Wakens - check. Has drink of fruit juice or water - fail. I didn't give my son either. Especially juice. Recommendation leaves me wondering if 1945 children spent mornings bouncing off walls if given juice before breakfast. Shower - fail. Cleans teeth - fail. At this point I feel slightly disheartened that the only recommendation I've managed is that my toddler woke up, and I can hardly take credit for that myself. 

8am: Breakfast. Bowel evacuation. Washes hands.

Again, an epic fail on my part. My toddler had breakfast of course, but I didn't do the other two. I did have a scoff, though, at the phrase "bowel evacuation", and wonder when it became normal to say "poo". I also started to feel better about failing the first part of the day's recommendations when I realised it suggests that teeth be cleaned before breakfast. Huh. 
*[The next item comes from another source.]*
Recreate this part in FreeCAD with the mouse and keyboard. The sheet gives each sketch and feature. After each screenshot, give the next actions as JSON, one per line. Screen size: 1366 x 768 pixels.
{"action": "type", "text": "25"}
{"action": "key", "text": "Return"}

Wednesday, February 12, 2014

On exposing children to the sun

Like any other child of the 80s, especially one that grew up in New Zealand, the 'slip slop slap' message regarding the sun is second nature to me. Before we go into the sun, I do my best* to get the kids to slip on a hat, slop on some sunscreen, and slap ... I can't remember what the slap was. Maybe it was slap on a hat and slip on something else.  Spilled sunscreen, perhaps?  Hmmmm. Well, details aside, it's the sentiment that counts - keep your kids out of the sun. The sun here is nasty. Melanoma rates are high, and being burnt is really sore. And if the random old lady that yelled at me from her car recently to tell me that part of my baby was in the sun is anything to go by, these ideas are fairly mainstream. Although I wouldn't recommend yelling the advice to a harried mother from a car as your communications medium unless you want a glare of doom, but that's a whole other rant. 

"Summer-time frolics"
The idea of sun awareness wasn't around in 1945. In fact, sunbathing is recommended for your children, every day. This sun bathing ought to proceed as follows: "commence by exposing the limbs to direct sunshine, then expose the chest for a few minutes, and finally expose the whole body." Mothercraft notes that children who stay in the sun all day may become "overheated", but sun bathing is "so good for us all." 
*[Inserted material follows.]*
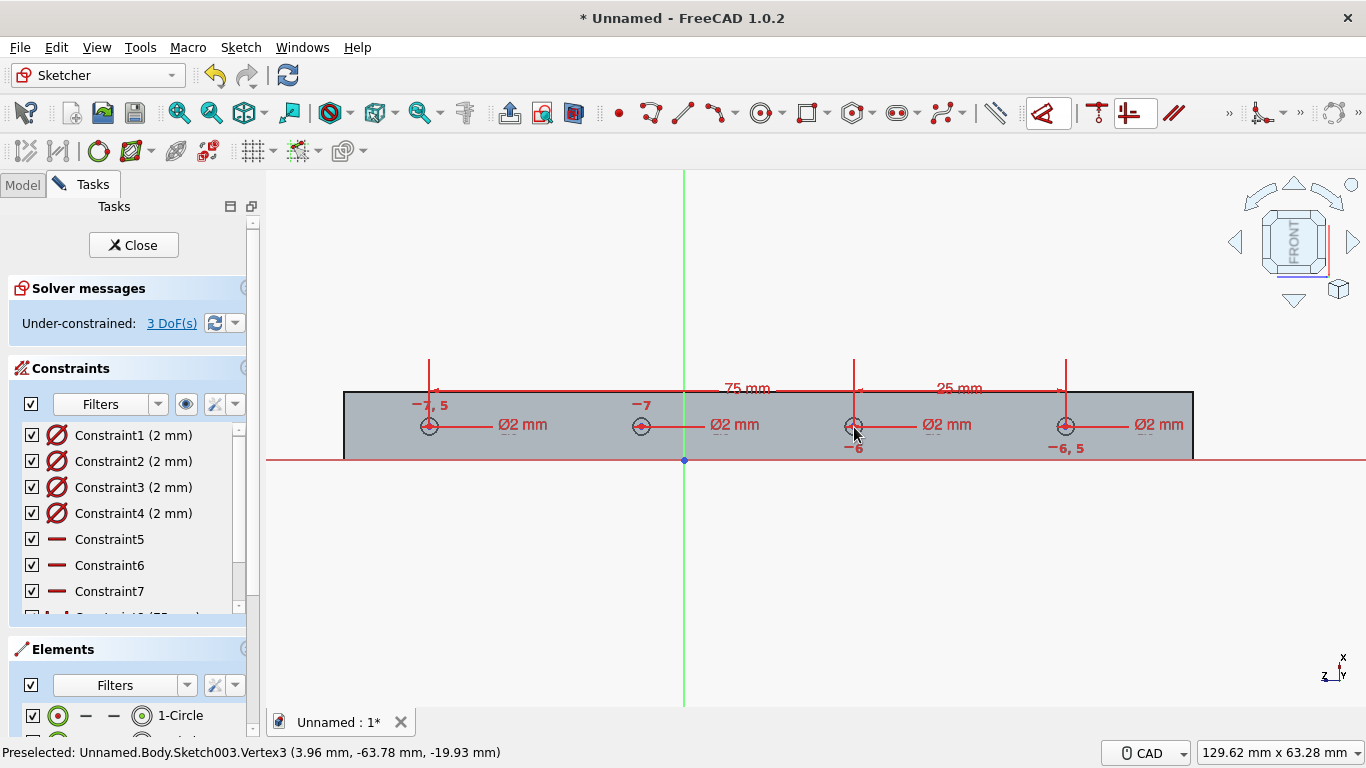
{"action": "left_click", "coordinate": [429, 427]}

Now, I do get the benefit of Vitamin D, and don't want my children to be Vitamin D deficient. There is speculation that children aren't getting enough Vitamin D, and studies show that Vitamin D supplements don't work. So, the sun it is. But, I really don't want to un-slip slop slap either, let alone sun-bathing every day. As someone who grew up being made aware of the dangers of the sun, especially the risks of skin cancer, making my kids sunbathe feels counter-intuitive. My children's exposure to the sun is not in the middle of the day, and always under a layer of sun screen. Not to mention the fact that the weather here is pants at present to recently a sun-bath would be more akin to a nasty, cold shower, so not something to be done daily anyway. 

So, I think this is some advice I'm going to ignore. Like the advice on how to give an enema, some of the tidbits contained within Modern Mothercraft really are truly dated. 

*Sadly, a certain toddler likes to throw hats sometimes, rather than wear them. Not sure what the authors of Mothercraft would say about that one. 

Tuesday, February 4, 2014

Buggies

Modern Mothercraft says prams should be made of wood and wicker, lined with American cloth. And when children can sit, they should go in something like this:


This section of the book makes me respect my grandmothers. I don't imagine that buggy is terribly light to push, not like my Mountain Buggy. Even the double Mountain Buggy I spend my days trudging around the suburbs behind looks easier to push. And the tantrums! If the toddlers of today can get so upset about their comfy modern prams, I wonder how the toddlers of yesteryear coped. I know lots of people may look down their noses and comment that in their day that pram would have been a luxury that no toddler would have ever objected to as it was preferable to walking six miles in the snow with barbed wire for shoes, but I'm certain the odd baby boomer would still have cried blue murder at being put inside.

As an aside, does anyone know what American cloth is without Googling it? Although to be honest even Googling it myself I'm still not certain what it actually is. All I can say with certainty is that it's not in my buggy!